Thanks Jeremy, I do have a magnum that I thought would be handy for my 100th!!!

Looking forward to drinking it with you Kent.

swing by the nursing home for me. I’ll double diaper to make it through the entire event.

How is the 2002 compared to the 1999? Any experience with that vintage?

Think the 1988, 1990 or 1993 will be ready any time in the next ten years? I am still waiting on them.

I have a few 2010 and 2014 of this and all I can say is that I hope the new style chez Faiveley makes them peak a little earlier. The age you describe for their “apogee” is such that you would buy one the day you graduated college in order to drink it at your retirement party! Doesn’t seem like a practical aging curve for a wine. I did get a few as birth year wine for kids and I guess it is practical for that purpose at least!

Surprisingly the 98 is great from magnum now - very stable, open a couple of days. By contrast, last time out (6 months ago) 1999 much more structural and requiring time, if not the absolute brute it was 5 years ago…

I like the Clos Des Cortons but it has long seemed to me that the fame of this very particular and quite plentiful wine has coloured the reputation of Faiveley’s other wines. A 1996 Chambolle Combe D’Orveaux a few days ago had all the Musigny magic one could hope.

A bunch of my friends and I bought a lot of 1985s and drank many while they were still quite young. The Clos du Corton was my favorite - really pretty, seemingly simultaneously delicate and intense. Every time I drank it the first 10 years of its life I thought “good thing i am drinking this now, it might be too old soon.” Of course, I was ignorant of how well-stored burgundy ages and matures. But it got me buying this cru (of course the fact I could buy grand cru for less than $40 didn’t hurt). Although I have enjoyed subsequent bottlings, I suspect my love for the 1985 bottling was more about the 1985 vintage than clos du corton. I have not had the 1985 in many years, however, so maybe those that have can weigh in on whether it is sui generis.
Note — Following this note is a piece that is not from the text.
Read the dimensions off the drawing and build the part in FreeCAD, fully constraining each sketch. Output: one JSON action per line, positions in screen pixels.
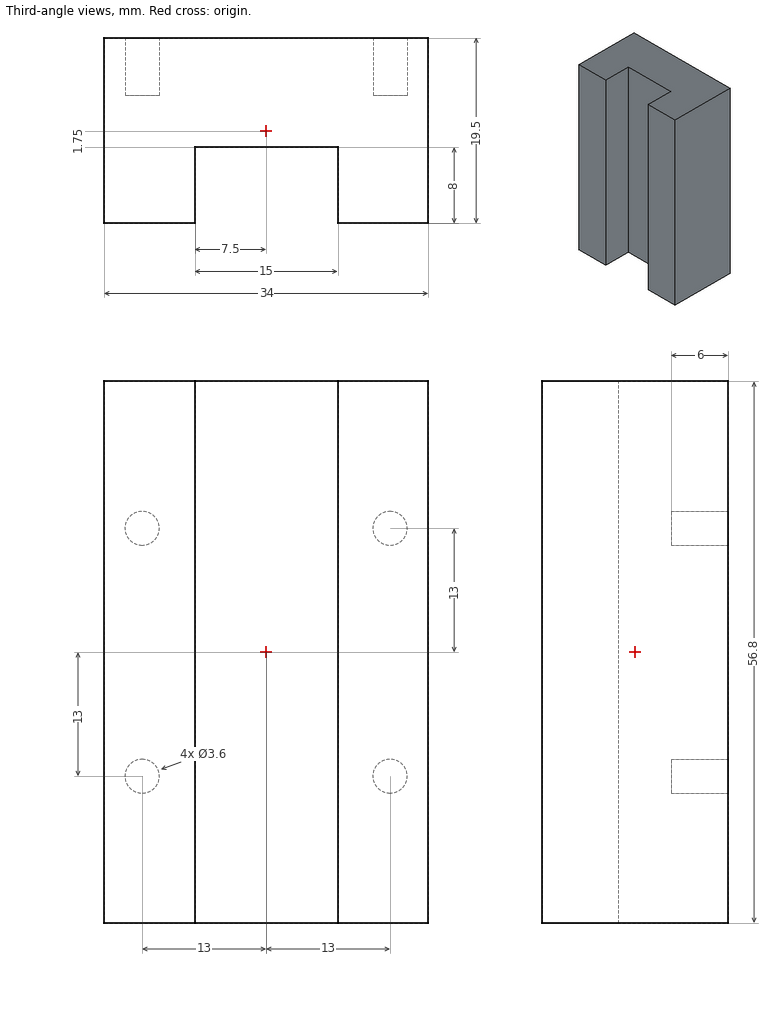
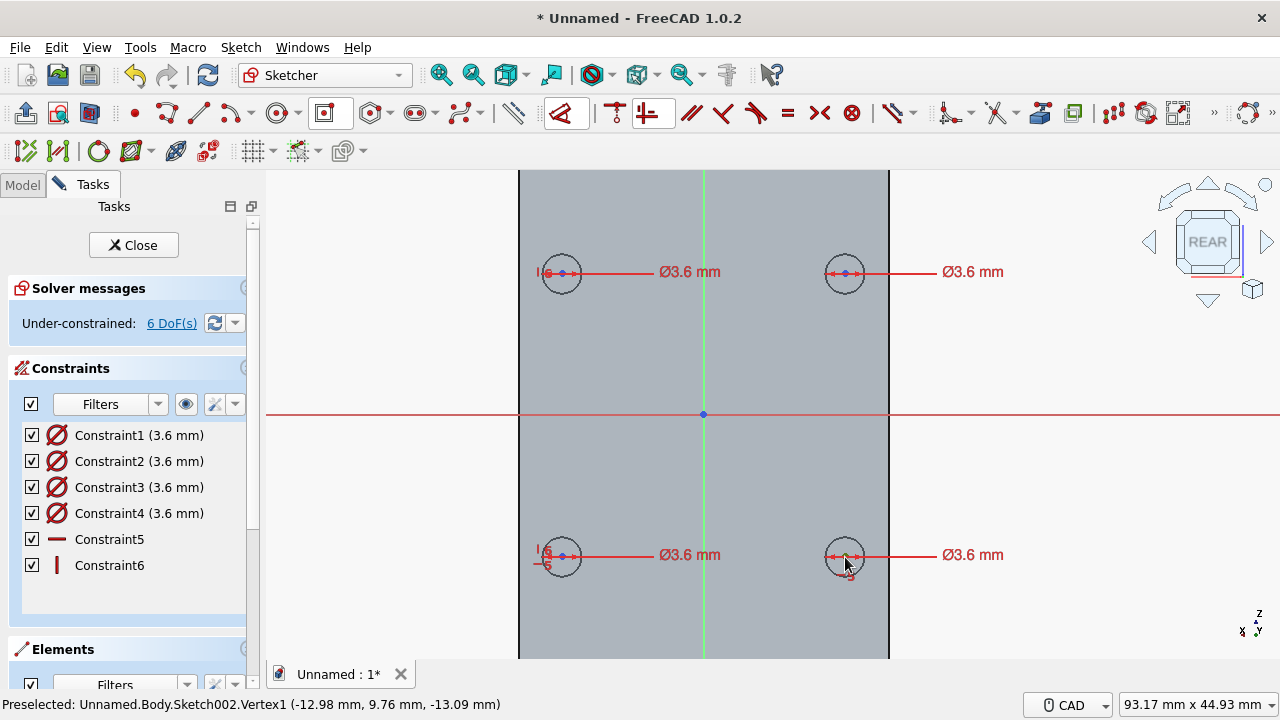
{"action": "left_click", "coordinate": [845, 274]}

While I haven’t had this ever 1998 I’ve opened in the last few years has been drinking very well.

‘07 is wide-open and delicious, the new Faiveley.

Hi Maureen, the only truly mature Faiveley CdC I have had was the 1964. Also have the 1990 in the cellar. Will try one next year as part of 30 year look back on the 1990 vintage. But my impression is that for 2006 and earlier vintages, 40-50 years from vintage is about right. Based on my own logic I will be in my late 80s before the 2005 will be “ready” - sigh…

Brodie

Sell them and buy the 2010 or 2012 instead which are drinking quite well. We had tasted them recently in our Corton offline.

I sold all my Faiveley from '90s. I did not believe the '96 or '99s would have come around in my life time. I do not have any regrets selling them. Purchased a three mixed cases of the 2015 vintage. Tried a few already . Very enjoyable and I think they will be drinking superbly much before the wines from the '90s.

Although Faiveley Cortons have always had a great reputation I completely agree with Sanjay. The Cortons of the new style are so much more refined. Vintages like 2007, 2009, 2010, 2012, 2015, 2017 and the coming 2018 are simply performing at highest Grand Cru level. Wines you can actually drink from arrival and most likely for another 50 years to come.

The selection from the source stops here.